## Burst Function Pointers Performance

Last week we took a look at function pointers in Burst 1.2 and Unity 2019.3. Today we’ll continue looking into them by analyzing their performance.

Today’s test is tricky to set up due to the nature of modern CPUs. They include very good branch predictors that can mitigate both the overhead of function calls through pointers as well as control flow mechanisms like `if`

. For this reason, we’ll set up four variants of the test to show a range of circumstances in which function pointers might be used.

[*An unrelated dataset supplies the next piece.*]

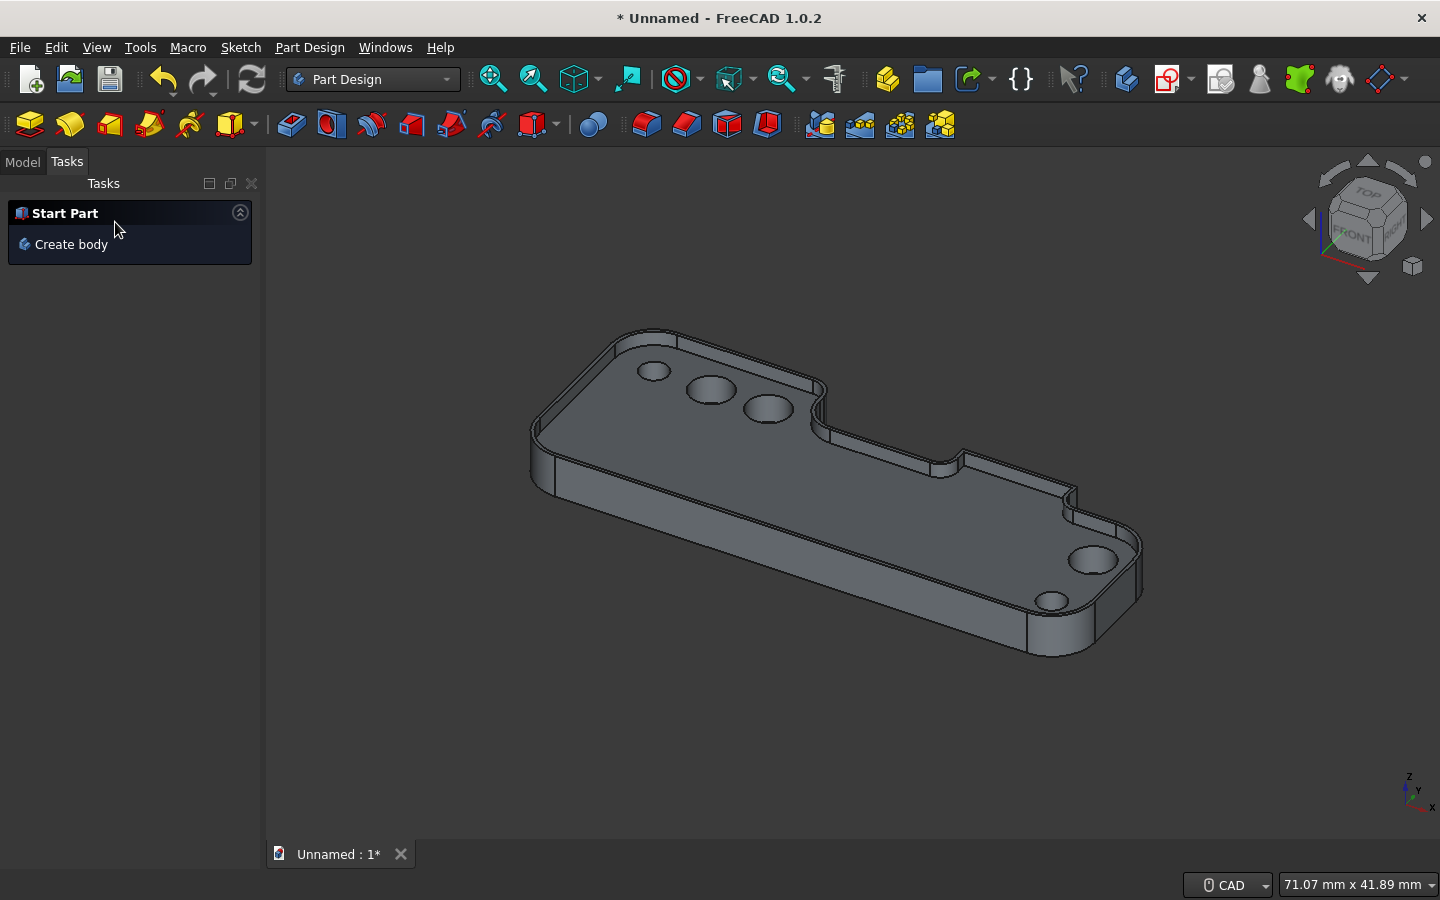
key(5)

All of the tests will loop over two arrays of `float`

values, perform either a multiply or divide on them, and store the result in a third array. That middle step that decides which operation to perform is what we’ll vary across the tests. Here are the four variants:

- Always divide
- Always multiply
- Alternate between division and multiplication
- 50% random chance to divide, 50% random chance to multiply

The major attraction of using function pointers in the first place is that only one job needs to be written:

[BurstCompile] struct FunctionPointerJob : IJob { [ReadOnly] public NativeArray<FunctionPointer<BinaryFunction>> Funcs; [ReadOnly] public NativeArray<float> A; [ReadOnly] public NativeArray<float> B; [WriteOnly] public NativeArray<float> Sum; public void Execute() { for (int i = 0; i < A.Length; ++i) { Sum[i] = Funcs[i].Invoke(A[i], B[i]); } } }

The function pointers in `Funcs`

is a data input to the job and it can be filled with any pattern of function pointers the user of the job desires. It’s not even limited to just division and multiplication. Any function pointer that satisfies the signature of `BinaryFunction`

by taking two `float`

parameters and returning a `float`

can be swapped in. This leads to code reuse and the avoidance of code duplication, both generally considered very positive outcomes.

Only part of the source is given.